# Help Required with Pure Tung Finish for a Cherry Table



## valerie (May 12, 2008)

Hello all,
I am finishing a cherry end table with pure tung oil. I am now regretting my finishing choice (this is my first serious woodworking project), but need some help as far as where to go from here. I have applied three coats of oil with 400 grit wet/dry sandpaper (each taking about 3 days to dry), and it still looks quite dull. It also doesn't seem to me like a lot of protection as far as scratching, moisture, etc. So my question is this: should I a) proceed with further coats of tung oil until I see better results b) give it one more coat and then a wax finish c) switch to a polymerized tung oil. What will the implications of this be if my first coats are pure? Will it dissolve the coats underneath? 
Any advice would be greatly appreciated!


----------



## 14wntr (May 12, 2008)

What are you looking for in a finish? Glossy, Thick? I would think with an end table you would want plenty of protection on the top from drinks and the like. I dont think there will be any issues switching over to a more protective oil based finish as long as the first ones are dry. General Finishes work very well for protection and can be roughed up years later to recoat. (I know because I've done it) Why dont you go finish a piece of scrap wood if you are worried about it and try some different products? Personally I would go straight to a tougher oil finish.


----------



## cabinetman (Jul 5, 2007)

valerie said:


> Hello all,
> I am finishing a cherry end table with pure tung oil. I am now regretting my finishing choice (this is my first serious woodworking project), but need some help as far as where to go from here. I have applied three coats of oil with 400 grit wet/dry sandpaper (each taking about 3 days to dry), and it still looks quite dull. It also doesn't seem to me like a lot of protection as far as scratching, moisture, etc. So my question is this: should I a) proceed with further coats of tung oil until I see better results b) give it one more coat and then a wax finish c) switch to a polymerized tung oil. What will the implications of this be if my first coats are pure? Will it dissolve the coats underneath?
> Any advice would be greatly appreciated!



*WELCOME TO THE FORUM*

If you're doing just an oil finish, the first coat or two could be thinned with mineral spirits, and just wiped on (no sandpaper). After many coats have been applied where the wood is well oiled and dry, wax could be applied. You will have a nice appearing finish, that's real easy to maintain.

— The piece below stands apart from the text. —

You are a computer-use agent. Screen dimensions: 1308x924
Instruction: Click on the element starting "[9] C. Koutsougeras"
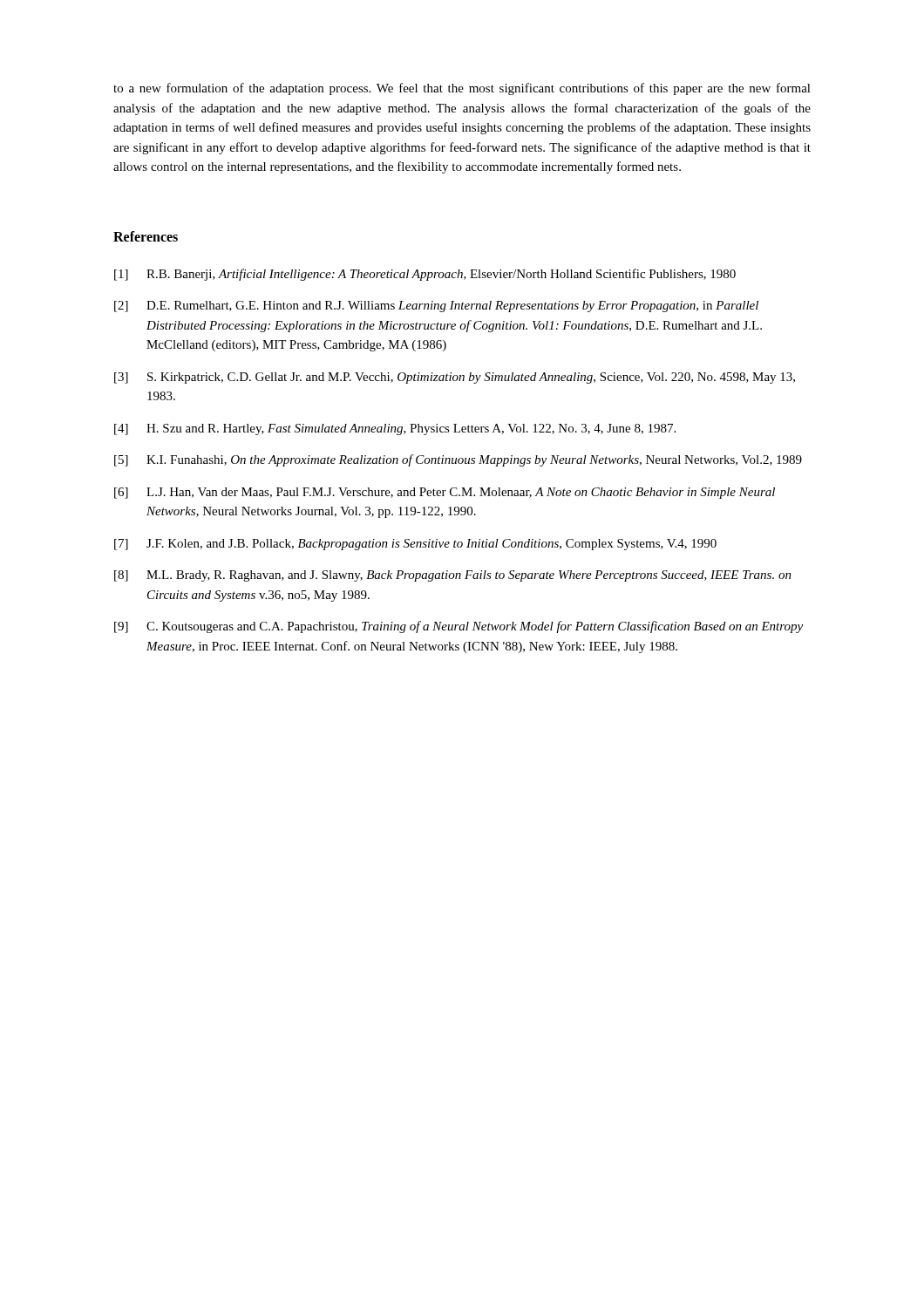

It won't give a protective finish like a film finish. What you could do is mix your own potion of Tung oil, varnish or polyurethane, and mineral spirits in thirds and use as a wipe on. Since you have an oil start, you could just use a mineral spirits and polyurethane mix as a wipe on. Try out on an inconspicuous area to see what looks good to you.


----------



## JMendez035 (May 14, 2008)

i have used tung oil on alot of my pieces. i would usually apply about 2-3 coats then apply about 3-4 coats of wipe on polyurethane, either gloss or satin.


----------



## BigHUGE201 (May 14, 2008)

i agree with jake, tung oil with a few coats of wipe on poly(which i have used many times in the past) should give it a nice look as well as protect it very well.


----------



## jerry (Nov 1, 2006)

If you are going to use an oil based varnish the oil serves no purpose.

Regards

Jerry


----------



## JMendez035 (May 14, 2008)

jerry said:


> If you are going to use an oil based varnish the oil serves no purpose.
> 
> Regards
> 
> Jerry


i understnad what you mean but was this in reponse to the poly idea?


----------